**YOUR TASK**
If you see a picture in the data below, omit it and copy the rest exactly.

RECORDS PROVIDED: Begin

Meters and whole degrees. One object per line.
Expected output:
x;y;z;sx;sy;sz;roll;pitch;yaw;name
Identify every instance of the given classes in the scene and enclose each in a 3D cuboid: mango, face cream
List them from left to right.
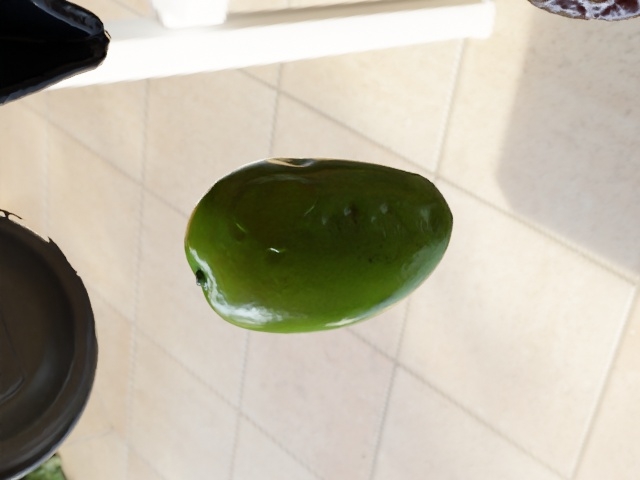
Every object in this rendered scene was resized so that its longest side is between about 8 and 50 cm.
-0.244;0.077;0.681;0.153;0.177;0.177;-27;86;57;face cream
0.000;0.000;0.428;0.056;0.108;0.073;-108;7;-80;mango

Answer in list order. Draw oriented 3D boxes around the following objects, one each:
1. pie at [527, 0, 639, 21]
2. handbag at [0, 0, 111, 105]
0.208;-0.272;0.850;0.204;0.054;0.219;-15;119;51;pie
-0.306;-0.089;0.501;0.303;0.329;0.122;3;119;33;handbag
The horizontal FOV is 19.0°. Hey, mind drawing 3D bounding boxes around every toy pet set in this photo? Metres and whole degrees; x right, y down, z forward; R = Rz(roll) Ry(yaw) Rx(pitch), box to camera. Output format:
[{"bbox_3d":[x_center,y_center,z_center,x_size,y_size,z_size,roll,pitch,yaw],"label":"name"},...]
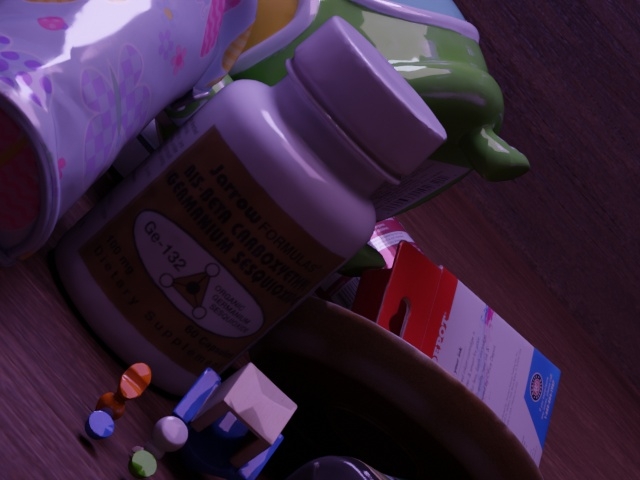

RECORDS PROVIDED: End

**ANSWER AREA**
Meters and whole degrees. One object per line.
Expected output:
x;y;z;sx;sy;sz;roll;pitch;yaw;name
Identify every instance of the given classes in the scene and enclose each in a 3D cuboid: mango, face cream
List them from left to right.
Every object in this rendered scene was resized so that its longest side is between about 8 and 50 cm.
-0.244;0.077;0.681;0.153;0.177;0.177;-27;86;57;face cream
0.000;0.000;0.428;0.056;0.108;0.073;-108;7;-80;mango

Answer in list order. Draw oriented 3D boxes around the following objects, one each:
1. pie at [527, 0, 639, 21]
2. handbag at [0, 0, 111, 105]
0.208;-0.272;0.850;0.204;0.054;0.219;-15;119;51;pie
-0.306;-0.089;0.501;0.303;0.329;0.122;3;119;33;handbag
The horizontal FOV is 19.0°. Hey, mind drawing 3D bounding boxes around every toy pet set in this photo? Metres and whole degrees; x right, y down, z forward; R = Rz(roll) Ry(yaw) Rx(pitch), box to camera. Output format:
[{"bbox_3d":[x_center,y_center,z_center,x_size,y_size,z_size,roll,pitch,yaw],"label":"name"},...]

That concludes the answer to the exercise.